- **Records shown**:
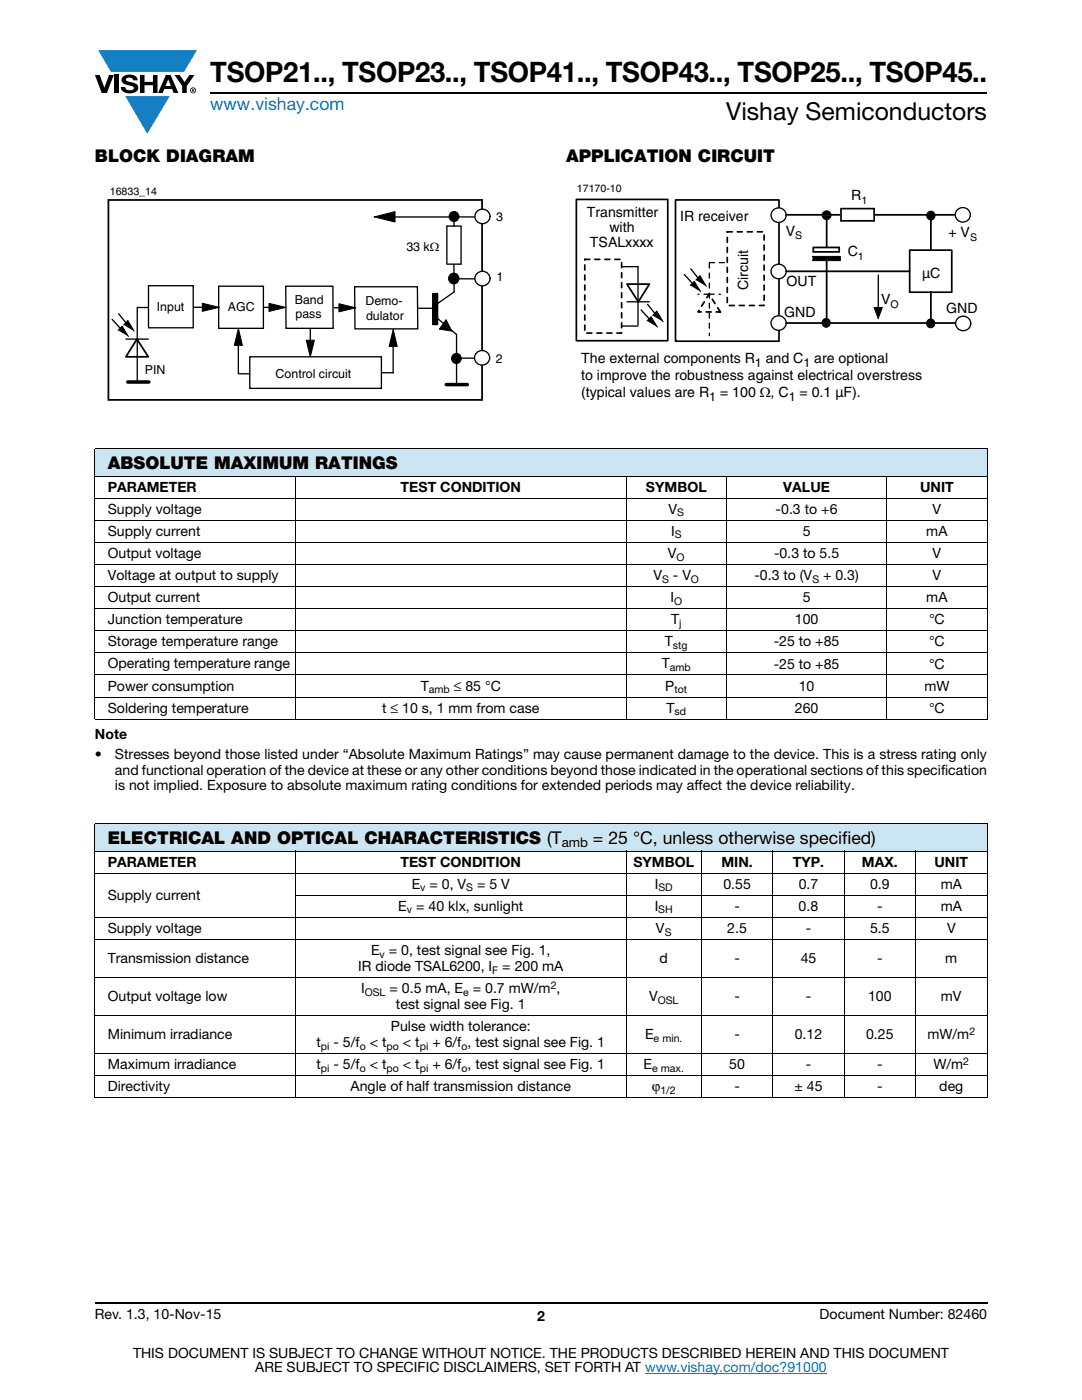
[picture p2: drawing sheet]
<svg xmlns="http://www.w3.org/2000/svg" width="216mm" height="279mm" viewBox="0 0 216 279" stroke-linecap="round" stroke-linejoin="round" font-family="sans-serif">
<defs><g id="words">
<text font-size="5.6" x="42" y="16.4">TSOP21.., TSOP23.., TSOP41.., TSOP43.., TSOP25.., TSOP45..</text>
<text font-size="4.9" x="144.9" y="24">Vishay Semiconductors</text>
<text font-size="3.5" fill="#007ec4" x="42" y="21.9">www.vishay.com</text>
<g font-size="3.5">
<text x="18.9" y="32.3">BLOCK DIAGRAM</text>
<text x="112.9" y="32.3">APPLICATION CIRCUIT</text>
<text x="21.5" y="93.6">ABSOLUTE MAXIMUM RATINGS</text>
<text x="21.5" y="168.5">ELECTRICAL AND OPTICAL CHARACTERISTICS (T</text>
<text x="118.3" y="168.5">= 25 °C, unless otherwise specified)</text>
</g>
<g font-size="2.8">
<text x="169.9" y="40">R</text>
<text x="117.1" y="43.3">Transmitter</text>
<text x="121.6" y="46.2">with</text>
<text x="135.7" y="44.1">IR receiver</text>
<text x="156.8" y="47.1">V</text>
<text x="189.2" y="47.4">+ V</text>
<text x="117.7" y="49.2">TSALxxxx</text>
<text x="169.1" y="51.1">C</text>
<text x="149.3" y="57.9" transform="rotate(-90 149.3 57.9)">Circuit</text>
<text x="156.9" y="57.1">OUT</text>
<text x="184" y="55.5">µC</text>
<text x="156.5" y="63.4">GND</text>
<text x="175.8" y="60.7">V</text>
<text x="188.8" y="62.4">GND</text>
<text x="116" y="72.5">The external components R</text>
<text x="116" y="75.9">to improve the robustness against electrical overstress</text>
<text x="152.8" y="72.5">and C</text>
<text x="162.5" y="72.5">are optional</text>
<text x="116" y="79.3">(typical values are R</text>
<text x="143.7" y="79.3">= 100 Ω, C</text>
<text x="159.5" y="79.3">= 0.1 µF).</text>
<text x="21.5" y="98.1">PARAMETER</text>
<text x="79.9" y="98.1">TEST CONDITION</text>
<text x="128.9" y="98.1">SYMBOL</text>
<text x="156.3" y="98.1">VALUE</text>
<text x="183.6" y="98.1">UNIT</text>
<text x="21.5" y="102.6">Supply voltage</text>
<text x="21.5" y="107">Supply current</text>
<text x="133.4" y="102.6">V</text>
<text x="133.9" y="107">I</text>
<text x="154.8" y="102.6">-0.3 to +6</text>
<text x="160.2" y="107">5</text>
<text x="184.8" y="107">mA</text>
<text x="186.1" y="102.6">V</text>
<text x="21.5" y="111.4">Output voltage</text>
<text x="133.3" y="111.4">V</text>
<text x="154.5" y="111.4">-0.3 to 5.5</text>
<text x="186.1" y="111.4">V</text>
<text x="21.5" y="115.8">Voltage at output to supply</text>
<text x="130.4" y="115.8">V</text>
<text x="134.3" y="115.8">- V</text>
<text x="150.5" y="115.8">-0.3 to (V</text>
<text x="164.2" y="115.8">+ 0.3)</text>
<text x="186.1" y="115.8">V</text>
<text x="21.5" y="124.6">Junction temperature</text>
<text x="21.5" y="120.2">Output current</text>
<text x="133.8" y="120.2">I</text>
<text x="133.9" y="124.6">T</text>
<text x="158.6" y="124.6">100</text>
<text x="160.2" y="120.2">5</text>
<text x="184.8" y="120.2">mA</text>
<text x="185.4" y="124.6">°C</text>
<text x="21.5" y="129">Storage temperature range</text>
<text x="132.7" y="129">T</text>
<text x="154.4" y="129">-25 to +85</text>
<text x="185.4" y="129">°C</text>
<text x="21.5" y="133.4">Operating temperature range</text>
<text x="21.5" y="137.8">Power consumption</text>
<text x="84" y="137.8">T</text>
<text x="90.5" y="137.8">≤ 85 °C</text>
<text x="132" y="133.4">T</text>
<text x="132.8" y="137.8">P</text>
<text x="154.4" y="133.4">-25 to +85</text>
<text x="159.4" y="137.8">10</text>
<text x="184.5" y="137.8">mW</text>
<text x="185.4" y="133.4">°C</text>
<text x="21.5" y="142.2">Soldering temperature</text>
<text x="76.3" y="142.2">t ≤ 10 s, 1 mm from case</text>
<text x="133" y="142.2">T</text>
<text x="158.6" y="142.2">260</text>
<text x="185.4" y="142.2">°C</text>
<text x="18.9" y="147.5">Note</text>
<text x="18.9" y="151.4">•</text>
<text x="22.9" y="154.6">and functional operation of the device at these or any other conditions beyond those indicated in the operational sections of this specification</text>
<text x="22.9" y="151.4">Stresses beyond those listed under “Absolute Maximum Ratings” may cause permanent damage to the device. This is a stress rating only</text>
<text x="22.9" y="157.8">is not implied. Exposure to absolute maximum rating conditions for extended periods may affect the device reliability.</text>
<text x="21.5" y="173">PARAMETER</text>
<text x="79.9" y="173">TEST CONDITION</text>
<text x="126.4" y="173">SYMBOL</text>
<text x="144" y="173">MIN.</text>
<text x="158.2" y="173">TYP.</text>
<text x="172" y="173">MAX.</text>
<text x="186.5" y="173">UNIT</text>
<text x="21.5" y="179.6">Supply current</text>
<text x="82.1" y="177.4">E = 0, V</text>
<text x="95.2" y="177.4">= 5 V</text>
<text x="130.7" y="177.4">I</text>
<text x="144.3" y="177.4">0.55</text>
<text x="159.4" y="177.4">0.7</text>
<text x="173.6" y="177.4">0.9</text>
<text x="187.7" y="177.4">mA</text>
<text x="79.5" y="181.8">E = 40 klx, sunlight</text>
<text x="130.6" y="181.8">I</text>
<text x="146.5" y="181.8">-</text>
<text x="159.4" y="181.8">0.8</text>
<text x="175" y="181.8">-</text>
<text x="187.7" y="181.8">mA</text>
<text x="21.5" y="186.2">Supply voltage</text>
<text x="74" y="190.6">E = 0, test signal see Fig. 1,</text>
<text x="130.9" y="186.2">V</text>
<text x="145.1" y="186.2">2.5</text>
<text x="160.8" y="186.2">-</text>
<text x="173.6" y="186.2">5.5</text>
<text x="189" y="186.2">V</text>
<text x="21.5" y="192.2">Transmission distance</text>
<text x="71.5" y="193.8">IR diode TSAL6200, I</text>
<text x="100.2" y="193.8">= 200 mA</text>
<text x="131.6" y="192.2">d</text>
<text x="146.5" y="192.2">-</text>
<text x="159.8" y="192.2">45</text>
<text x="175" y="192.2">-</text>
<text x="188.6" y="192.2">m</text>
<text x="21.5" y="199.8">Output voltage low</text>
<text x="72.1" y="198.2">I</text>
<text x="77.7" y="198.2">= 0.5 mA, E = 0.7 mW/m ,</text>
<text x="79" y="201.4">test signal see Fig. 1</text>
<text x="129.5" y="199.8">V</text>
<text x="146.5" y="199.8">-</text>
<text x="160.8" y="199.8">-</text>
<text x="173.2" y="199.8">100</text>
<text x="187.8" y="199.8">mV</text>
<text x="21.5" y="207.4">Minimum irradiance</text>
<text x="63.2" y="209">t</text>
<text x="66.5" y="209">- 5/f</text>
<text x="73.8" y="209">&lt; t</text>
<text x="78" y="205.8">Pulse width tolerance:</text>
<text x="80.4" y="209">&lt; t</text>
<text x="86.3" y="209">+ 6/f , test signal see Fig. 1</text>
<text x="128.7" y="207.4">E</text>
<text x="146.5" y="207.4">-</text>
<text x="158.6" y="207.4">0.12</text>
<text x="172.8" y="207.4">0.25</text>
<text x="185.1" y="207.4">mW/m</text>
<text x="21.5" y="213.4">Maximum irradiance</text>
<text x="63.2" y="213.4">t</text>
<text x="66.5" y="213.4">- 5/f</text>
<text x="73.8" y="213.4">&lt; t</text>
<text x="80.4" y="213.4">&lt; t</text>
<text x="86.3" y="213.4">+ 6/f , test signal see Fig. 1</text>
<text x="128.4" y="213.4">E</text>
<text x="145.5" y="213.4">50</text>
<text x="160.8" y="213.4">-</text>
<text x="175" y="213.4">-</text>
<text x="186.3" y="213.4">W/m</text>
<text x="21.5" y="217.8">Directivity</text>
<text x="70" y="217.8">Angle of half transmission distance</text>
<text x="130.1" y="217.8">ϕ</text>
<text x="146.5" y="217.8">-</text>
<text x="158.5" y="217.8">± 45</text>
<text x="175" y="217.8">-</text>
<text x="187.4" y="217.8">deg</text>
<text x="18.9" y="263.3">Rev. 1.3, 10-Nov-15</text>
<text x="107.2" y="263.6">2</text>
<text x="163.6" y="263.3">Document Number: 82460</text>
<text x="26.5" y="271">THIS DOCUMENT IS SUBJECT TO CHANGE WITHOUT NOTICE. THE PRODUCTS DESCRIBED HEREIN AND THIS DOCUMENT</text>
<text x="50.9" y="273.8">ARE SUBJECT TO SPECIFIC DISCLAIMERS, SET FORTH AT www.vishay.com/doc?91000</text>
</g>
<text font-size="2.6" x="112.1" y="169.1">amb</text>
<g font-size="2.5">
<text x="99" y="44.1">3</text>
<text x="81.1" y="50.1">33 kΩ</text>
<text x="99.1" y="56.1">1</text>
<text x="31.3" y="62.1">Input</text>
<text x="45.5" y="62.1">AGC</text>
<text x="58.8" y="60.7">Band</text>
<text x="59" y="63.5">pass</text>
<text x="72.9" y="60.8">Demo-</text>
<text x="73.1" y="63.8">dulator</text>
<text x="28.9" y="74.7">PIN</text>
<text x="55" y="75.4">Control circuit</text>
<text x="98.9" y="72.4">2</text>
<text x="150.6" y="73.2">1</text>
<text x="160.3" y="73.2">1</text>
<text x="141.5" y="80">1</text>
<text x="157.4" y="80">1</text>
</g>
<g font-size="2.1">
<text x="21.9" y="38.9">16833_14</text>
<text x="115.1" y="38.2">17170-10</text>
<text x="171.9" y="40.7">1</text>
<text x="158.7" y="47.8">S</text>
<text x="171.2" y="51.8">1</text>
<text x="193.6" y="48.1">S</text>
<text x="177.7" y="61.4">O</text>
<text x="134.6" y="107.5">S</text>
<text x="135.1" y="103.1">S</text>
<text x="135" y="111.9">O</text>
<text x="132.1" y="116.3">S</text>
<text x="137.9" y="116.3">O</text>
<text x="162.1" y="116.3">S</text>
<text x="134.5" y="120.7">O</text>
<text x="135.5" y="125.1">j</text>
<text x="134.3" y="129.5">stg</text>
<text x="133.7" y="133.9">amb</text>
<text x="85.6" y="138.3">amb</text>
<text x="134.6" y="138.3">tot</text>
<text x="134.6" y="142.7">sd</text>
<text x="83.9" y="177.9">v</text>
<text x="93" y="177.9">S</text>
<text x="131.4" y="177.9">SD</text>
<text x="81.2" y="182.3">v</text>
<text x="131.4" y="182.3">SH</text>
<text x="75.8" y="191.1">v</text>
<text x="132.6" y="186.7">S</text>
<text x="98.2" y="194.3">F</text>
<text x="109.9" y="197.3">2</text>
<text x="72.8" y="198.7">OSL</text>
<text x="92.4" y="198.7">e</text>
<text x="131.2" y="200.3">OSL</text>
<text x="64.1" y="209.5">pi</text>
<text x="71.8" y="209.5">o</text>
<text x="77.2" y="209.5">po</text>
<text x="83.8" y="209.5">pi</text>
<text x="92.1" y="209.5">o</text>
<text x="130.4" y="207.9">e min.</text>
<text x="193.4" y="206.5">2</text>
<text x="64.1" y="213.9">pi</text>
<text x="71.8" y="213.9">o</text>
<text x="77.2" y="213.9">po</text>
<text x="83.8" y="213.9">pi</text>
<text x="92.1" y="213.9">o</text>
<text x="130.1" y="213.9">e max.</text>
<text x="192.2" y="212.5">2</text>
<text x="131.8" y="218.3">1/2</text>
</g>
</g></defs>
<g fill="#147fc3">
<path d="M19.6 10h19.7l-2.6 4.3h-1.1h-13.5z"/>
<path d="M25 19.2h8.9l-4.5 7.5z"/>
</g>
<g fill="#000">
<path d="M18.9 15h1l.9 2.5 1-2.5h.9l-1.4 3.6h-1zM22.9 15h.9v3.6h-.9zM24.6 15.3a2.1 2.1 0 0 1 2.8 .3l.1 .4h-.9a.79 .79 0 0 0-.7-.5 .79 .79 0 0 0-.8 .4l.3 .3 1 .2a1.08 1.08 0 0 1 1.2 1 1.08 1.08 0 0 1-1.1 1.2 1.73 1.73 0 0 1-2.4-1.2h.9a.96 .96 0 0 0 .8 .6 .96 .96 0 0 0 .9-.4 1.31 1.31 0 0 0-1.2-.6 1.03 1.03 0 0 1-1.1-.6 1.03 1.03 0 0 1 .2-1.1zM27.9 15h.9v1.3h1.7v-1.3h.9v3.6h-.9v-1.6h-1.7v1.6h-.9zM34.8 15h1.1l.9 1.4 1-1.4h1l-1.5 2.2v1.4h-.9v-1.4z"/>
<path d="M33.6 15.9l.5 1.3h-1.1zM33.1 15l-1.6 3.6h1l.3-.8h1.5l.3 .8h1l-1.6-3.6z"/>
<path d="M38.4 17.8h.2v.2h-.2zM38.3 17.7v.7h.1v-.3l.4 .3-.2-.3 .2-.2-.1-.2z"/>
<path d="M38.1 18a.46 .46 0 0 1 .9 0 .46 .46 0 0 1-.9 0zM37.9 18a.6 .6 0 0 0 1.2 0 .6 .6 0 0 0-1.2 0z"/>
</g>
<path d="M42 18.6h155M18.9 260h178.1" fill="none" stroke="#000" stroke-width=".36"/>
<path d="M128.7 274h36.3" fill="none" stroke="#007ec4" stroke-width=".2"/>
<path d="M21.5 37.1h78.9v42.9h-78.9z" fill="#fff"/>
<path d="M70.8 57.2h12.5l.1 8.4h-12.6zM90.6 52.8v5.5l-3.5 2.5M90.6 55.6h4.2M90.6 43.3h4.2M83.3 61.5h3.2M87 63.3l4.1 3.5v9.7M91.1 71.5h4.2" fill="none" stroke="#000" stroke-width=".26"/>
<path d="M86.3 58.6h1.1v6.2h-1.1z" fill="#000"/>
<g fill="none" stroke="#000" stroke-width=".2">
<path d="M74.6 43.3l4.2-1.1v2.1zM86.3 58.6h1.1v6.2h-1.1zM89 63.8l1.2 2.3-2.5-.4z"/>
<circle cx="90.6" cy="43.2" r=".99"/>
<circle cx="91.1" cy="71.5" r=".99"/>
</g>
<g fill="#000">
<path d="M89 63.8l1.2 2.3-2.5-.4z"/>
<path d="M74.6 43.3l4.2-1.1v2.1z" fill-rule="evenodd"/>
<circle cx="90.5" cy="55.6" r=".99"/>
<circle cx="90.6" cy="43.2" r=".99"/>
<circle cx="91.1" cy="71.5" r=".99"/>
</g>
<circle cx="90.5" cy="55.6" r=".99" fill="none" stroke="#000" stroke-width=".34"/>
<path d="M21.6 39.9h74.6v39.9h-74.6z" fill="none" stroke="#000" stroke-width=".35"/>
<circle cx="96.3" cy="55.6" r="1.48" fill="#fff"/>
<circle cx="96.3" cy="55.6" r="1.48" fill="none" stroke="#000" stroke-width=".26"/>
<circle cx="96.3" cy="43.2" r="1.48" fill="#fff"/>
<g fill="none" stroke="#000" stroke-width=".26">
<path d="M43.6 57.1h9v8.4h-9zM57 57.1h9.4l.1 8.4h-9.4z"/>
<circle cx="96.3" cy="43.2" r="1.48"/>
</g>
<circle cx="96.2" cy="71.4" r="1.48" fill="#fff"/>
<g fill="none" stroke="#000" stroke-width=".26">
<path d="M29.6 57h9v8.4h-9zM78 43.3h12.6v1.9M92 45.1h-2.8v7.6M92 45.2v7.5h-2.7M22.4 63.7l1.6 1.9M23.7 62.6l1.5 2M25.1 67.7h4.5M27.4 61.5v14.4M27.4 61.4h2.2M38.7 61.3h2.5M47.6 68.7v5.8M47.6 74.6h2.3"/>
<path d="M49.8 71.2h26.3v6.3h-26.3zM52.7 61.3h2.5M61.9 65.6v2.5M66.7 61.4h2.5M76.1 74.4h2.4M78.4 68.6v5.8"/>
<circle cx="96.2" cy="71.4" r="1.48"/>
</g>
<path d="M23.6 65.9l.8-.8 1.2 2.1M24.7 64.8l.8-.8 1.3 2.1M25.5 76.2h4.2M40.4 60.5l3.3 .8-3.3 .8zM47.6 65.5l.8 3.4h-1.6zM53.7 60.5l3.4 .8-3.4 .9zM61.1 67.9h1.6l-.8 3.4zM67.6 60.6l3.4 .8-3.4 .8zM78.5 65.8l.8 3.3h-1.7zM89 76.8h4.2" fill="none" stroke="#000" stroke-width=".2"/>
<path d="M25.5 76.2h4.2M89 76.8h4.2" fill="none" stroke="#000" stroke-width=".71"/>
<path d="M27.3 67.7l2.3 3.5h-4.5z" fill="none" stroke="#000" stroke-width=".35"/>
<g fill="#000">
<path d="M24.4 65.1l1.2 2.1-2-1.3zM25.5 64l1.3 2.1-2.1-1.3z"/>
<path d="M40.4 60.5l3.3 .8-3.3 .8z" fill-rule="evenodd"/>
<path d="M47.6 65.5l.8 3.4h-1.6z" fill-rule="evenodd"/>
<path d="M53.7 60.5l3.4 .8-3.4 .9z" fill-rule="evenodd"/>
<path d="M61.1 67.9h1.6l-.8 3.4z" fill-rule="evenodd"/>
<path d="M67.6 60.6l3.4 .8-3.4 .8z" fill-rule="evenodd"/>
<path d="M78.5 65.8l.8 3.3h-1.7z" fill-rule="evenodd"/>
</g>
<path d="M114.8 36.4h80.3v44.2h-80.3z" fill="#fff"/>
<path d="M141.5 58.7h2.2M141.5 58.7h-2.2M141.5 52.5v14.5M141.6 52.4h3.6" fill="none" stroke="#000" stroke-width=".26" stroke-dasharray="1 1"/>
<path d="M141.5 58.7l2.2 3.6h-4.4z" fill="none" stroke="#000" stroke-width=".35" stroke-dasharray="1 1"/>
<g fill="#000">
<path d="M138.5 56.1l1.3 2.1-2.1-1.2zM139.7 55l1.2 2.1-2-1.2zM129.9 63.2l1.3 2.1-2.1-1.3zM131.1 62.1l1.2 2.1-2.1-1.2z"/>
<path d="M162.2 51.2h5.5v.8h-5.5z" fill-rule="evenodd"/>
<circle cx="164.9" cy="43" r=".88"/>
<circle cx="164.8" cy="64.4" r=".85"/>
</g>
<g fill="none" stroke="#000" stroke-width=".2">
<path d="M137.7 57l.8-.9 1.3 2.1M138.9 55.9l.8-.9 1.2 2.1M162.2 51.2h5.5v.8h-5.5zM129.1 64l.8-.8 1.3 2.1M130.2 63l.9-.9 1.2 2.1"/>
<circle cx="164.9" cy="43" r=".88"/>
<circle cx="164.8" cy="64.4" r=".85"/>
</g>
<path d="M127.3 53.3v11.6M136.5 54.8l1.7 1.8M137.8 53.7l1.6 1.9M124.1 65.1h3.2M125.1 60.2h4.5M127.9 61.8l1.7 1.9M129.2 60.7l1.6 2" fill="none" stroke="#000" stroke-width=".26"/>
<path d="M125.1 56.7h4.5l-2.2 3.5zM162.3 49.4v.9h5.1M162.4 49.4h5M165 42.8v6.4M167.4 49.4v.9" fill="none" stroke="#000" stroke-width=".35"/>
<path d="M134.8 39.9h20.6v28.2h-20.6zM167.8 41.6h6.6v2.5M167.8 41.7v2.4h6.6" fill="none" stroke="#000" stroke-width=".34"/>
<path d="M145.1 46.3h7.4v14.7h-7.4z" fill="none" stroke="#000" stroke-width=".34" stroke-dasharray="1 1"/>
<circle cx="155.4" cy="54.2" r="1.48" fill="#fff"/>
<circle cx="155.4" cy="54.2" r="1.48" fill="none" stroke="#000" stroke-width=".26"/>
<circle cx="155.4" cy="64.5" r="1.48" fill="#fff"/>
<circle cx="155.4" cy="64.5" r="1.48" fill="none" stroke="#000" stroke-width=".26"/>
<circle cx="155.4" cy="42.9" r="1.48" fill="#fff"/>
<circle cx="155.4" cy="42.9" r="1.48" fill="none" stroke="#000" stroke-width=".26"/>
<path d="M156.8 42.9h10.7z" fill="#fff"/>
<path d="M156.8 42.9h10.7" fill="none" stroke="#000" stroke-width=".35"/>
<path d="M156.9 64.5h33.8z" fill="#fff"/>
<path d="M156.9 64.5h33.8" fill="none" stroke="#000" stroke-width=".35"/>
<path d="M164.9 51.5v12.6z" fill="#fff"/>
<path d="M164.9 51.5v12.6" fill="none" stroke="#000" stroke-width=".35"/>
<path d="M174.5 42.9h16.2z" fill="#fff"/>
<path d="M174.5 42.9h16.2" fill="none" stroke="#000" stroke-width=".35"/>
<path d="M156.9 54.1h24.6z" fill="#fff"/>
<path d="M156.9 54.1h24.6" fill="none" stroke="#000" stroke-width=".35"/>
<path d="M181.5 49.9h8.4v8.4h-8.4z" fill="none" stroke="#000" stroke-width=".34"/>
<path d="M124.2 53.2h3.2" fill="none" stroke="#000" stroke-width=".26"/>
<path d="M185.7 42.8v7z" fill="#fff"/>
<path d="M185.7 42.8v7" fill="none" stroke="#000" stroke-width=".35"/>
<path d="M185.7 58.3v6.2z" fill="#fff"/>
<path d="M185.7 58.3v6.2" fill="none" stroke="#000" stroke-width=".35"/>
<g fill="#000">
<circle cx="185.7" cy="43" r=".85"/>
<circle cx="185.7" cy="64.6" r=".85"/>
</g>
<g fill="none" stroke="#000" stroke-width=".2">
<circle cx="185.7" cy="43" r=".85"/>
<circle cx="185.7" cy="64.6" r=".85"/>
</g>
<circle cx="192.1" cy="42.9" r="1.48" fill="#fff"/>
<circle cx="192.1" cy="42.9" r="1.48" fill="none" stroke="#000" stroke-width=".26"/>
<circle cx="192.2" cy="64.5" r="1.48" fill="#fff"/>
<g fill="none" stroke="#000" stroke-width=".26">
<path d="M175.3 54.9v6.9"/>
<circle cx="192.2" cy="64.5" r="1.48"/>
</g>
<path d="M174.4 61.4h1.7l-.8 2.2z" fill-rule="evenodd" fill="#000"/>
<path d="M174.4 61.4h1.7l-.8 2.2z" fill="none" stroke="#000" stroke-width=".2"/>
<path d="M115 39.8h18.2v28.2h-18.2z" fill="none" stroke="#000" stroke-width=".34"/>
<path d="M116.7 51.8h7.3v14.7h-7.3z" fill="none" stroke="#000" stroke-width=".34" stroke-dasharray="1 1"/>
<g fill="#cce5f3">
<path d="M18.9 89.5h178.1v5.5h-178.1z"/>
<path d="M18.9 164.3h178.1v5.5h-178.1z"/>
</g>
<g fill="none" stroke="#000" stroke-width=".2">
<path d="M18.9 89.5h178.1M18.9 95h178.1M18.9 99.4h178.1M18.9 89.6v53.8M58.9 94.9v48.7M124.9 94.9v48.7M144.9 94.9v48.7M177 94.9v48.7M197 89.6v53.8M18.9 103.8h178.1M18.9 108.2h178.1M18.9 112.7h178.1"/>
<path d="M18.9 117.1h178.1M18.9 121.5h178.1M18.9 125.9h178.1M18.9 130.3h178.1M18.9 134.7h178.1M18.9 139.1h178.1M18.9 143.5h178.1M18.9 164.3h178.1M18.9 169.8h178.1M18.9 174.3h178.1M18.9 164.4v54.6M58.9 178.7h138.1"/>
<path d="M58.9 169.8v49.4M124.9 169.8v49.4M140 169.8v49.4M154.2 169.8v49.4M168.4 169.8v49.4M182.7 169.8v49.4M197 164.4v54.6M18.9 183.1h178.1M18.9 187.5h178.1M18.9 195.1h178.1M18.9 202.6h178.1M18.9 210.2h178.1"/>
<path d="M18.9 214.7h178.1M18.9 219.1h178.1"/>
</g>
<use href="#words"/>
</svg>

- **Work to be completed**: From the entries above, copy each line that holds "irradiance".

- **Answer for this exercise**:
<text x="21.5" y="207.4">Minimum irradiance</text>
<text x="21.5" y="213.4">Maximum irradiance</text>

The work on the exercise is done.